What the task requires:
Your answer must be an exact copy of the records, with no pictures included.

Source data:

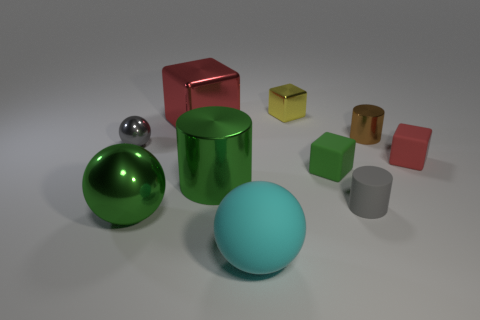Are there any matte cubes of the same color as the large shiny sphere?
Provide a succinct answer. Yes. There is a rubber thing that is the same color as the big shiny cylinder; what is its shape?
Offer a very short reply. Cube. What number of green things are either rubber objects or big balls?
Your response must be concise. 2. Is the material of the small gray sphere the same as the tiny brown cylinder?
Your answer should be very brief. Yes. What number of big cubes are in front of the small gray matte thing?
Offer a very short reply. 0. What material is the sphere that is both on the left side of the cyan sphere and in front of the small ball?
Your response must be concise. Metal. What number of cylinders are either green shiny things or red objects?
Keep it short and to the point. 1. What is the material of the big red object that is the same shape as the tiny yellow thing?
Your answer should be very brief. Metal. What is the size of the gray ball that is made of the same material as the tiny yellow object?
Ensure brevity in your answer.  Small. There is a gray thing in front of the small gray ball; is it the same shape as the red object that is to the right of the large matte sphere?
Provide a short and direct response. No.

Written reply:
Are there any matte cubes of the same color as the large shiny sphere?
Provide a succinct answer. Yes. There is a rubber thing that is the same color as the big shiny cylinder; what is its shape?
Offer a very short reply. Cube. What number of green things are either rubber objects or big balls?
Your response must be concise. 2. Is the material of the small gray sphere the same as the tiny brown cylinder?
Your answer should be very brief. Yes. What number of big cubes are in front of the small gray matte thing?
Offer a very short reply. 0. What material is the sphere that is both on the left side of the cyan sphere and in front of the small ball?
Your response must be concise. Metal. What number of cylinders are either green shiny things or red objects?
Keep it short and to the point. 1. What is the material of the big red object that is the same shape as the tiny yellow thing?
Your answer should be very brief. Metal. What is the size of the gray ball that is made of the same material as the tiny yellow object?
Ensure brevity in your answer.  Small. There is a gray thing in front of the small gray ball; is it the same shape as the red object that is to the right of the large matte sphere?
Provide a short and direct response. No.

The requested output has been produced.